>>>>
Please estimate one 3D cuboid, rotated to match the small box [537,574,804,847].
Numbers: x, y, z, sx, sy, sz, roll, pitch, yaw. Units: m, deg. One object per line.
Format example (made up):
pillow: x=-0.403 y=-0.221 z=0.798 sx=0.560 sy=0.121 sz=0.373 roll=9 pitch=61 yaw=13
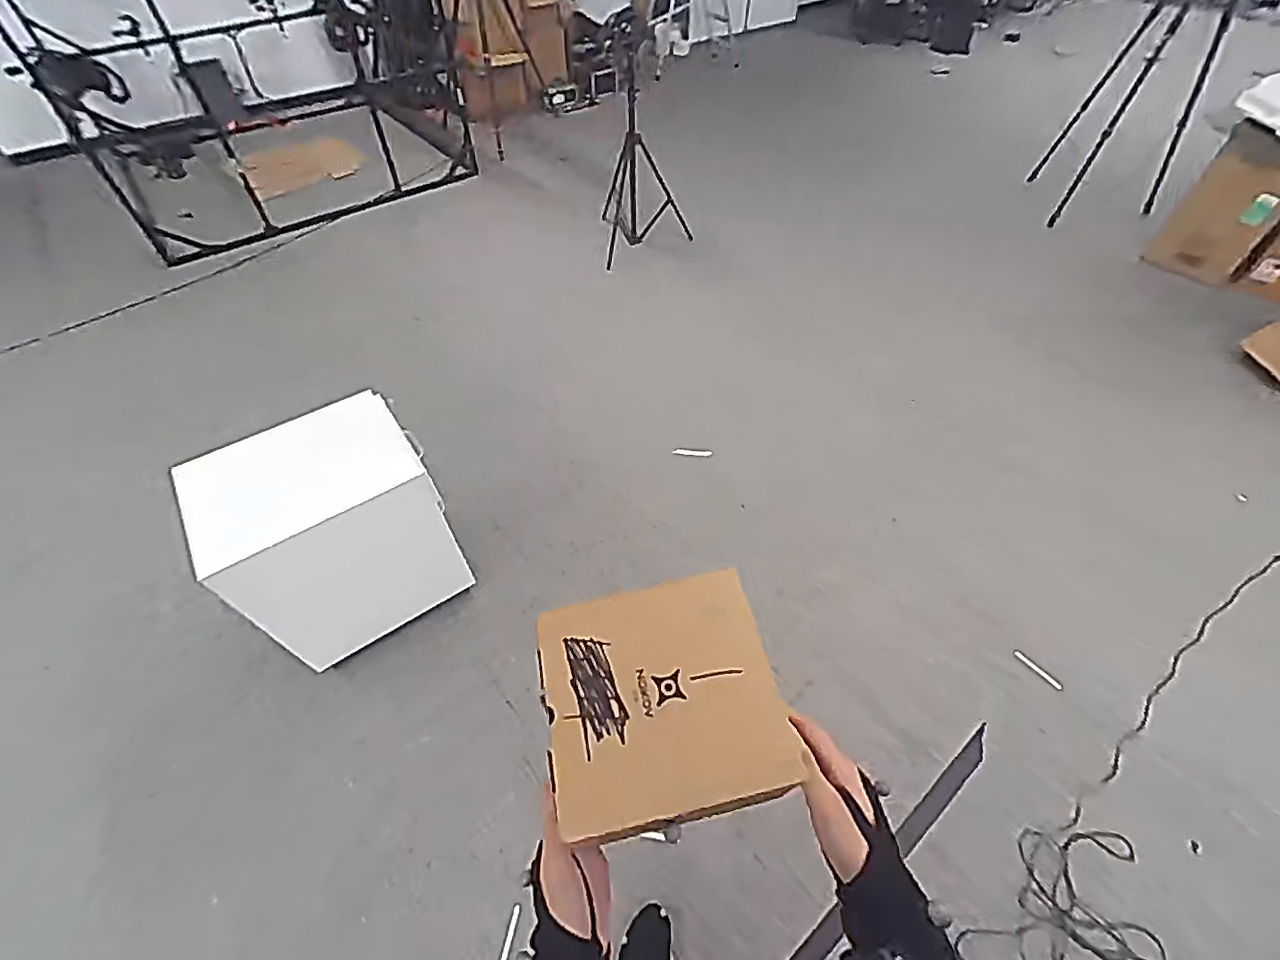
<<<<
→ To do
Go through the data and copy every line that includes "roll".

→ Completed task
Numbers: x, y, z, sx, sy, sz, roll, pitch, yaw. Units: m, deg. One object per line.
pillow: x=-0.403 y=-0.221 z=0.798 sx=0.560 sy=0.121 sz=0.373 roll=9 pitch=61 yaw=13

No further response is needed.